Recuerdo cuando empezó a
hablarse de Europa como un proyecto que evitara nuevas guerras. Unos
gobernantes decididos, Adenauer, Schuman, Spaak y De Gasperi, dieron vida a
diversos tratados que ligaban a sus estados en asuntos concretos: el carbón y
el acero, la energía atómica, etc. y en 1957 se firmó el Tratado de Roma y se
creó el mercado común.
España solicitó su ingreso
en 1962, que no fue aceptado por carecer
de un régimen democrático y muchos españoles jóvenes lamentamos nuestra
marginación de un proyecto ilusionante. En nuestro periodo de transición Adolfo
Suárez volvió a solicitar el ingreso en 1977 y tras un periodo larguísimo de
negociaciones entró en la Unión Europea en 1985.
Desde que comenzó a
gestarse Europa como mercado común hasta nuestro ingreso habían ocurrido muchas
cosas, alguna tan grave como las revueltas de mayo de 1968, que introdujeron la
modificación de nuestras costumbres sociales y junto con la difusión de los
métodos anticonceptivos, un rechazo de los valores familiares y del cristianismo
que los sustentaba.
Se fue pasando de una
Europa de los estados a una unión europea en la que los estados empezaron a
ceder parte de su soberanía y en 1993 el tratado de la Unión Europea, firmado
en Maastricht, dió paso al sistema actual en el que se consolida un gobierno y
un parlamento para toda la Unión, cuyas decisiones son de obligado
cumplimiento.
El Tratado de Maastricht
elimina cualquier referencia a las raíces cristianas de Europa e impone desde
una mentalidad totalitaria, de la que no se puede disentir so pena de ser
demonizado, no la revolución comunista que había caído en el 1989, sino la
lenta introducción de nuevos derechos, como el aborto o la aceptación de
diversos tipos de familia, que en realidad representan su desaparición.
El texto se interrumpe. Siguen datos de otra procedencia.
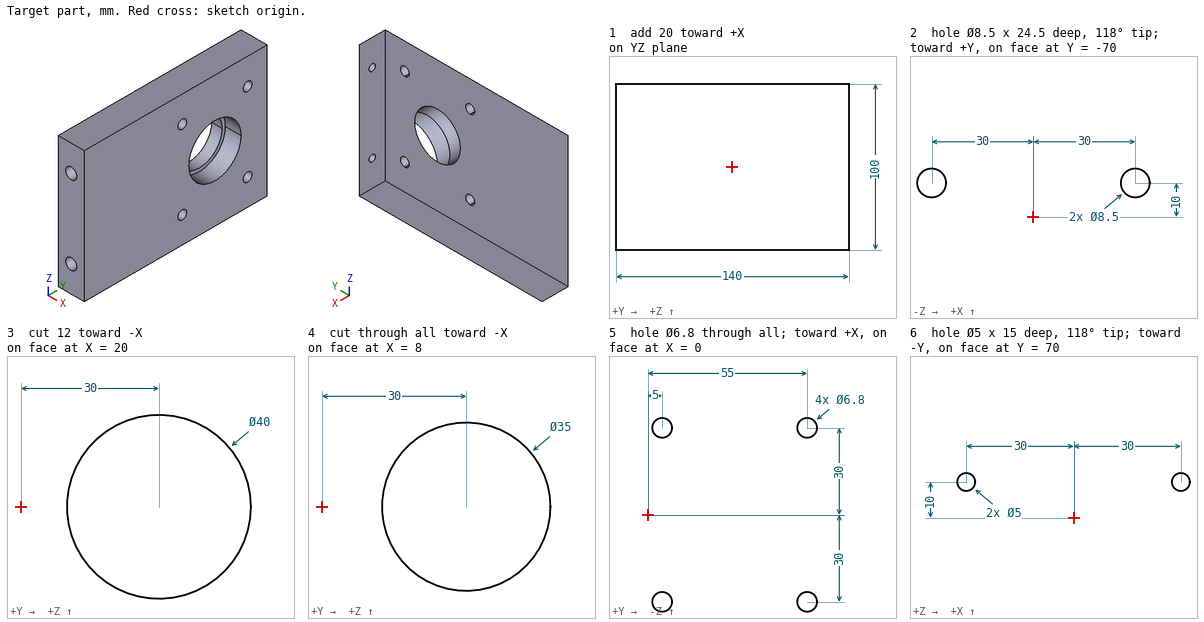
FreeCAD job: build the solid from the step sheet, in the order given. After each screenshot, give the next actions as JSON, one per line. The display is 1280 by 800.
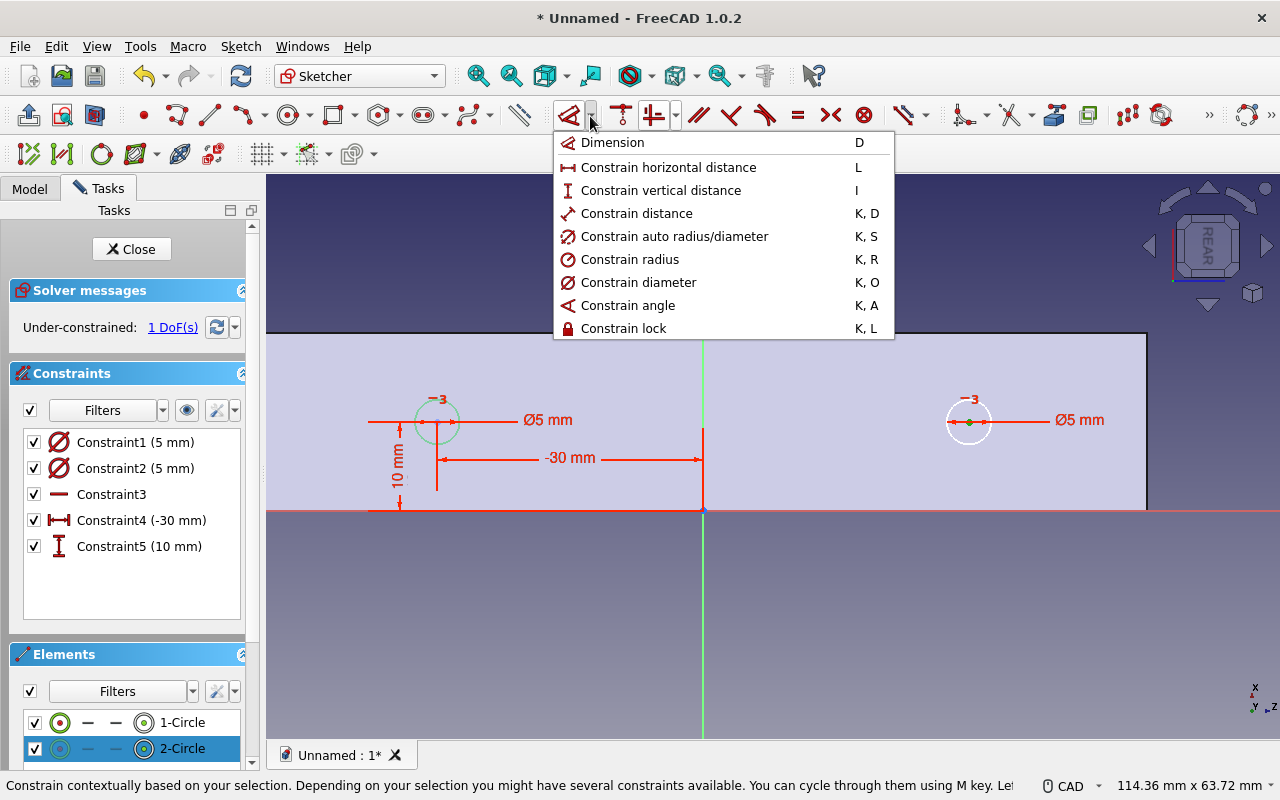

Los estados como Hungría o Polonia que no
están dispuestos a abandonar sus propios valores son atacados sin
contemplaciones, como “extrema derecha”.
En España un decidido seguidor de los nuevos valores y los nuevos
derechos fue Rodríguez Zapatero, pero su sucesor Mariano Rajoy, olvidando lo
que prometió en su propios programa, ha aceptado y mantenido las leyes de
Zapatero, no sé si por presiones políticas o por un cambio de sus convicciones,
si las tuvo.
Al mismo tiempo se impone
la obligación de abrir las fronteras al islam que, si bien resulta un
multiculturalismo imposible, sirve para expulsar al cristianismo de la plaza
pública y reducir cada vez más su papel inspirador de valores. Los inspiradores
de la Unión Europea ven la cultura cristiana como un obstáculo a sus
objetivos de lograr una libertad sexual
expansiva y la eliminación de la familia tradicional.
Los resultados e esta
política están a la vista: caída en picado de la natalidad y la nupcialidad, un
envejecimiento progresivamente acelerado de la población y una juventud sin
referencias históricas ni culturales que cree tener derecho a toda y no estar
obligado a nada.
La disminución de la
población es un viejo sueño maltusiano para salvar el planeta. La ecología se
presenta como el nuevo valor a defender y el cuidado de las mascotas va
sustituyendo rápidamente al cuidado de los niños.
La Europa de las naciones
y los valores cristianos se ha hundido, pero la Europa que la ha sustituido
marcha también hacia el fracaso. Todo es cuestión de tiempo si continuamos
gobernados por esa nube de burócratas amaestrados desde Bruselas.